Over the last few years, we have seen many attempts to quantitatively forecast the arrival of transformative and/or general Artificial Intelligence (TAI/AGI) using very different methodologies and assumptions. Keeping track of and assessing these models’ relative strengths can be daunting for a reader unfamiliar with the field. As such, the purpose of this review is to:
- Provide a relatively comprehensive source of influential timeline estimates, as well as brief overviews of the methodologies of various models, so readers can make an informed decision over which seem most compelling to them.
- Provide a concise summarization of each model/forecast distribution over arrival dates.
- Provide an aggregation of internal Epoch subjective weights over these models/forecasts. These weightings do not necessarily reflect team members’ “all-things-considered” timelines, rather they are aimed at providing a sense of our views on the relative trustworthiness of the models.
For aggregating internal weights, we split the timelines into “model-based” and “judgment-based” timelines. Model-based timelines are given by the output of an explicit model. In contrast, judgment-based timelines are either aggregates of group predictions on, e.g., prediction markets, or the timelines of some notable individuals. We decompose in this way as these two categories roughly correspond to “prior-forming” and “posterior-forming” predictions respectively.
In both cases, we elicit subjective probabilities from each Epoch team member reflective of:
- how likely they believe a model’s assumptions and methodology to be essentially accurate, and
- how likely it is that a given forecaster/aggregate of forecasters is well-calibrated on this problem,
respectively. Weights are normalized and linearly aggregated across the team to arrive at a summary probability. These numbers should not be interpreted too literally as exact credences, but rather a rough approximation of how the team views the “relative trustworthiness” of each model/forecast.
- Not every model/report operationalizes AGI/TAI in the same way, and so aggregated timelines should be taken with an extra pinch of salt, given that they forecast slightly different things.

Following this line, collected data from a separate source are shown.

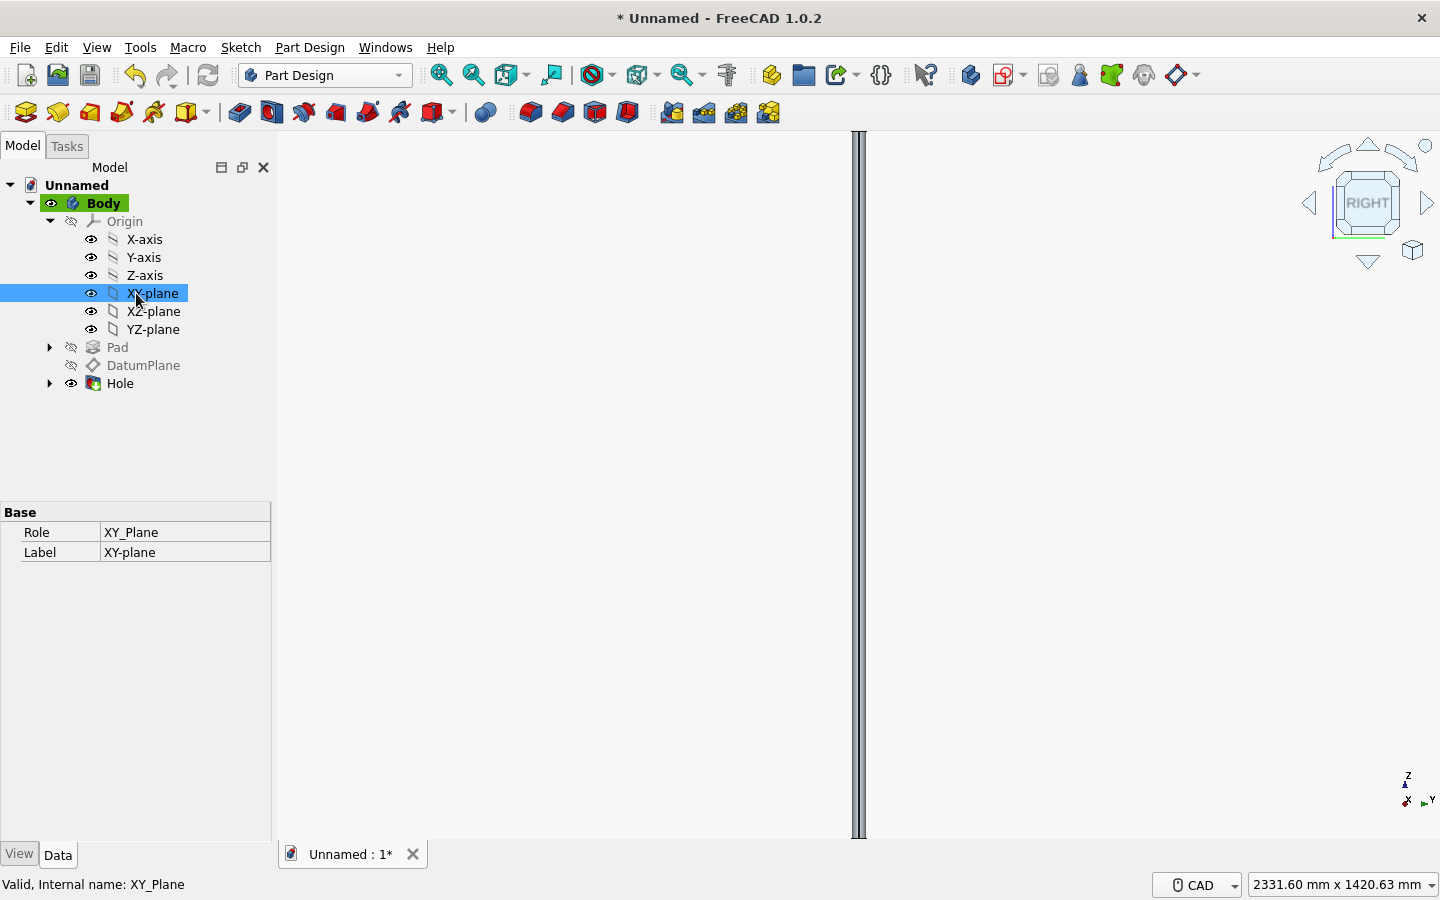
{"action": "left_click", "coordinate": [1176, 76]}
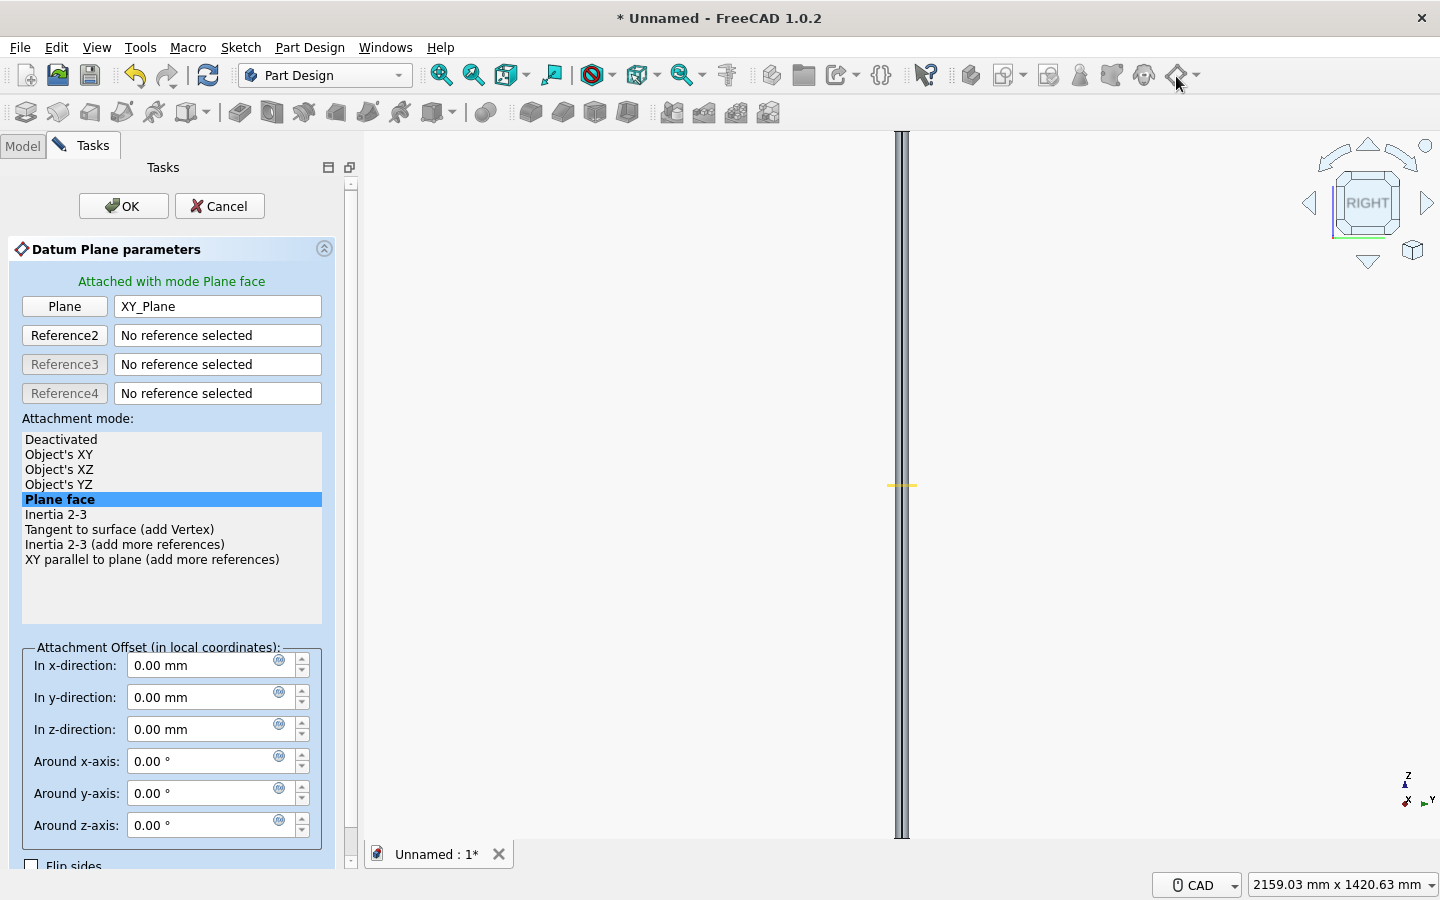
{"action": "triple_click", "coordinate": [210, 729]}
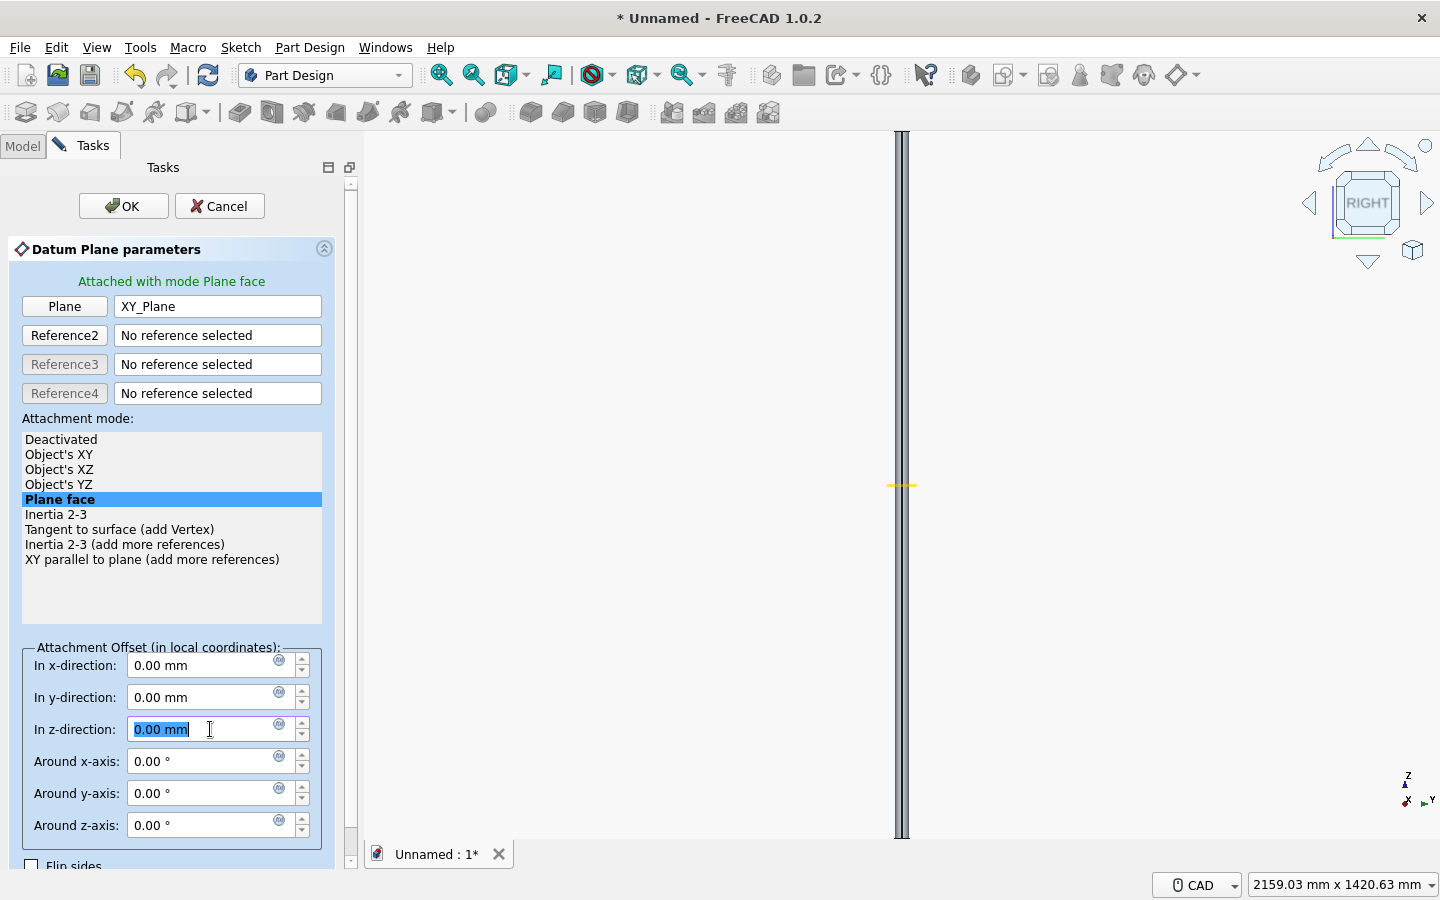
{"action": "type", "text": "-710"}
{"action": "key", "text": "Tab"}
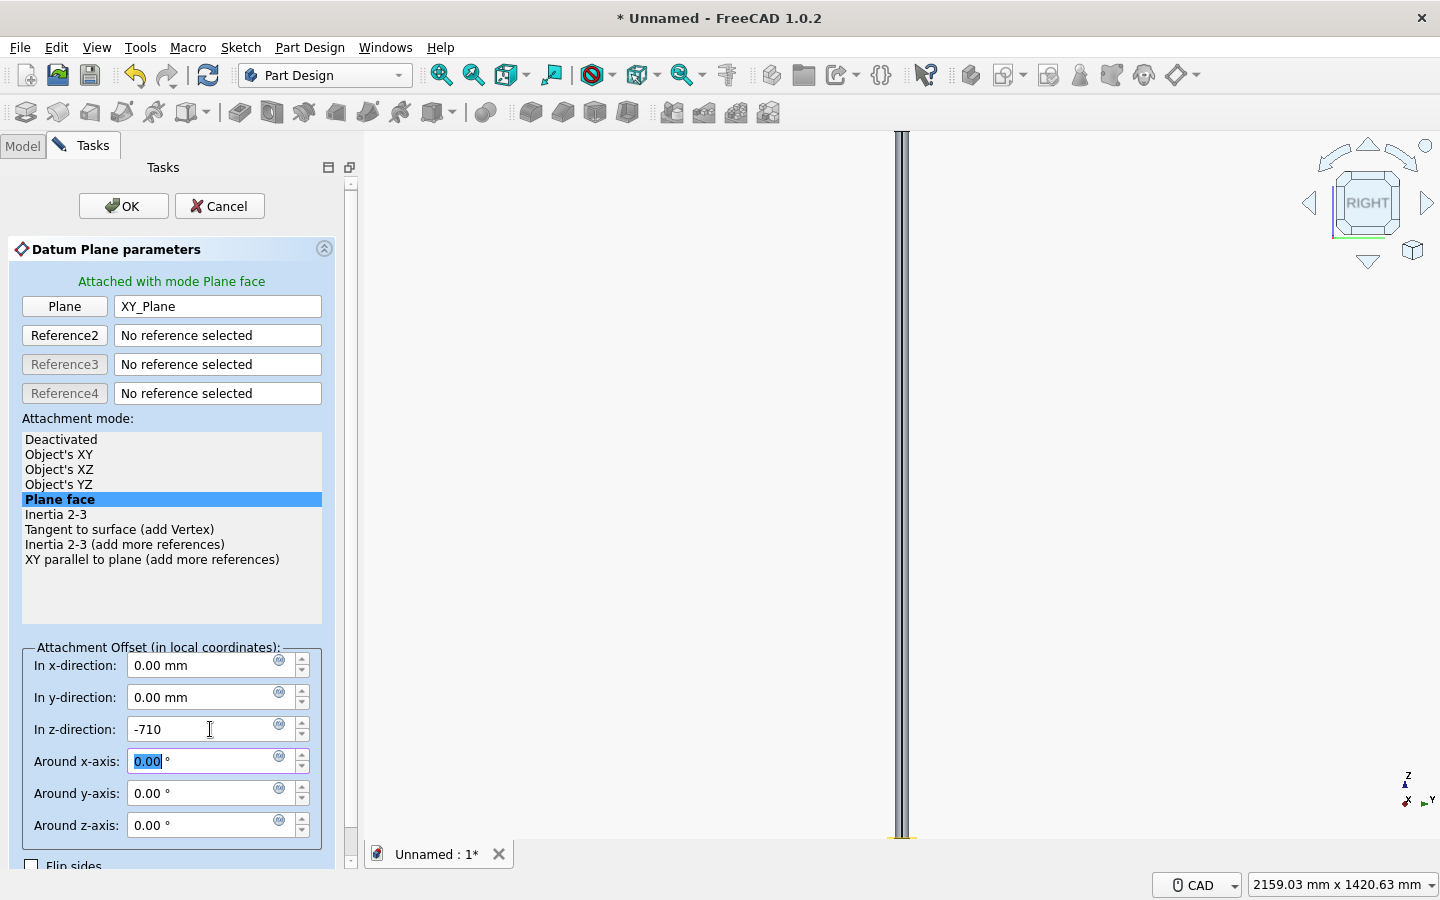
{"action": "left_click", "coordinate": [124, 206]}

- Not every model and forecast included below yields explicit predictions for the snapshots (in terms of CDF by year and quantiles) which we summarize below. In these cases, we have done our best to interpolate based on explicit data-points given.
- We have included models and forecasts that were explained in more detail and lent themselves easily to a probabilistic summary. This means we do not cover less explained forecasts like Daniel Kokotajlo’s and influential pieces of work without explicit forecasts such as David Roodman’s Modelling the Human Trajectory.
The numbers you use from Holden says that he thinks AGI by 2036 is more than 10%. But when fitting the curves you put that at exactly 10%, which will predictably be an underestimate. It seems better to fit the curves without that number and just check that the result is higher than 10%.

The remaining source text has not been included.